→ **Directions for this task**: The response should be the records below, repeated exactly, with each picture left out.
Exercise data Block Start
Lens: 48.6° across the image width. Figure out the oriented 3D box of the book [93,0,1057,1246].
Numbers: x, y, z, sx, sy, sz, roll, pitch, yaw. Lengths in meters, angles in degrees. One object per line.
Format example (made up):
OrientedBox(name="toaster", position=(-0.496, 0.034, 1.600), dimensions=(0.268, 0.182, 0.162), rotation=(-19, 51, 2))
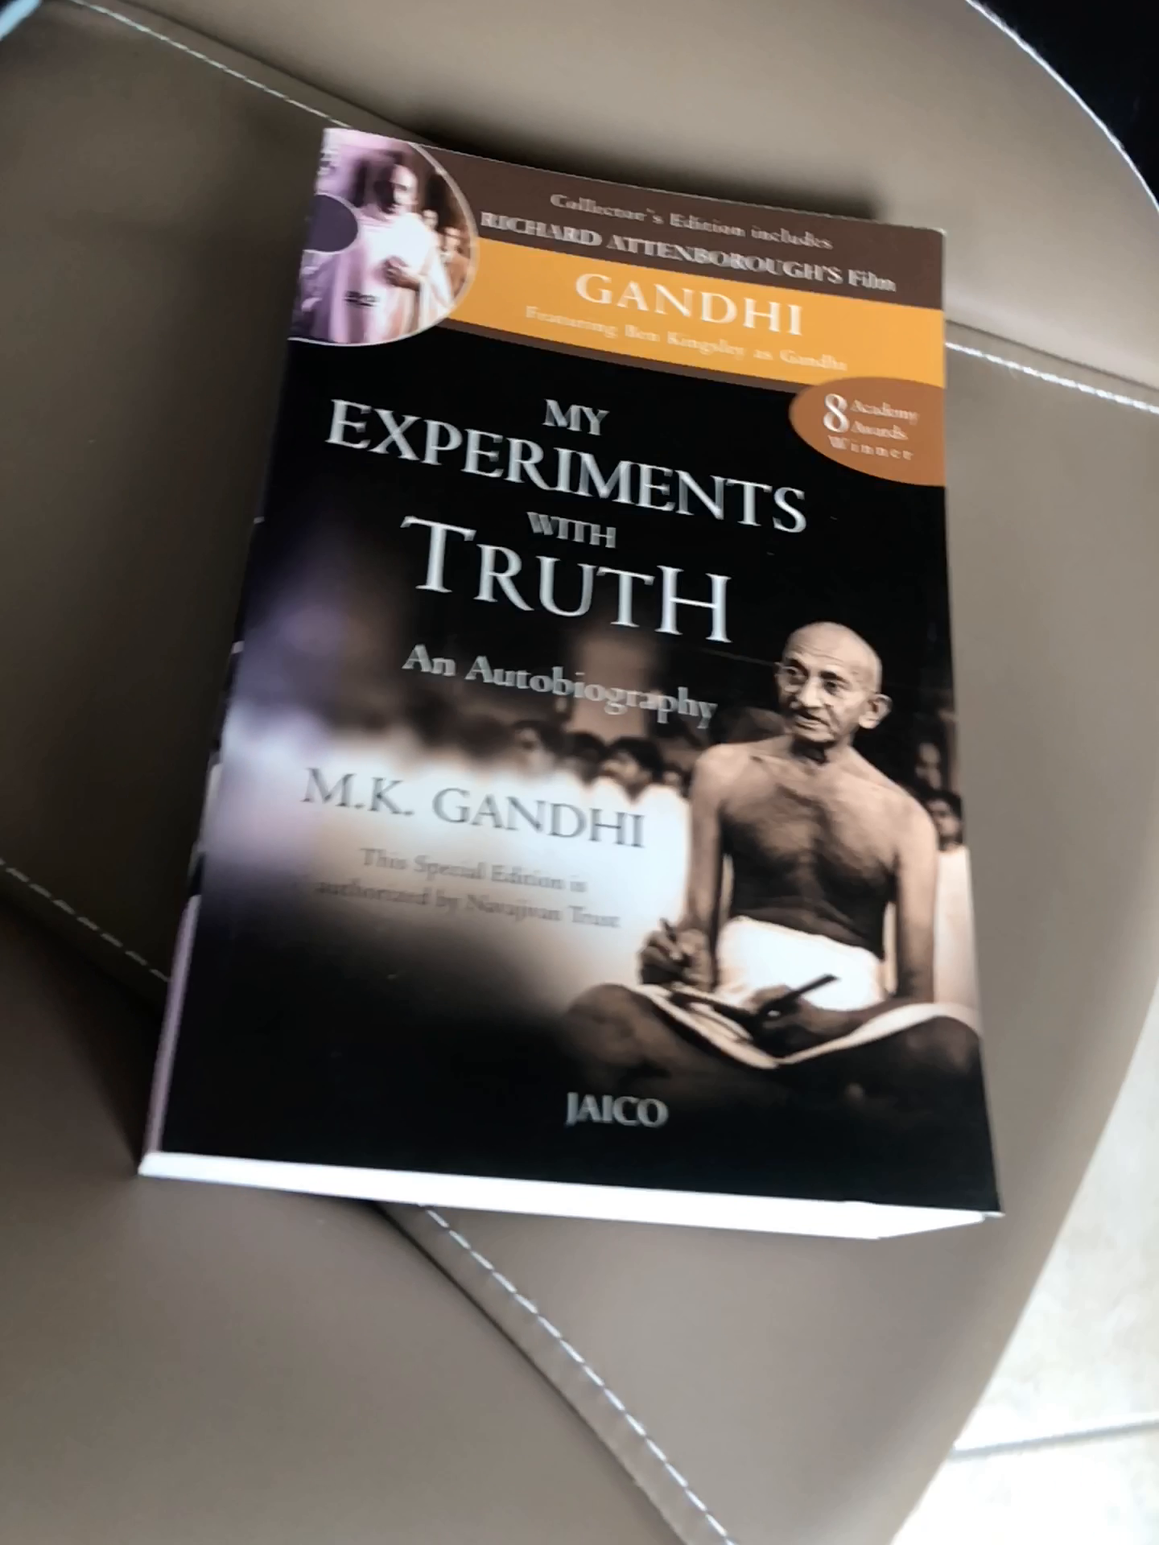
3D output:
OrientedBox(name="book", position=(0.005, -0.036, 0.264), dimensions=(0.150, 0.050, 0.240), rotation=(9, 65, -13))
Exercise data Block End
→ **Response**:
Lens: 48.6° across the image width. Figure out the oriented 3D box of the book [93,0,1057,1246].
Numbers: x, y, z, sx, sy, sz, roll, pitch, yaw. Lengths in meters, angles in degrees. One object per line.
Format example (made up):
OrientedBox(name="toaster", position=(-0.496, 0.034, 1.600), dimensions=(0.268, 0.182, 0.162), rotation=(-19, 51, 2))
3D output:
OrientedBox(name="book", position=(0.005, -0.036, 0.264), dimensions=(0.150, 0.050, 0.240), rotation=(9, 65, -13))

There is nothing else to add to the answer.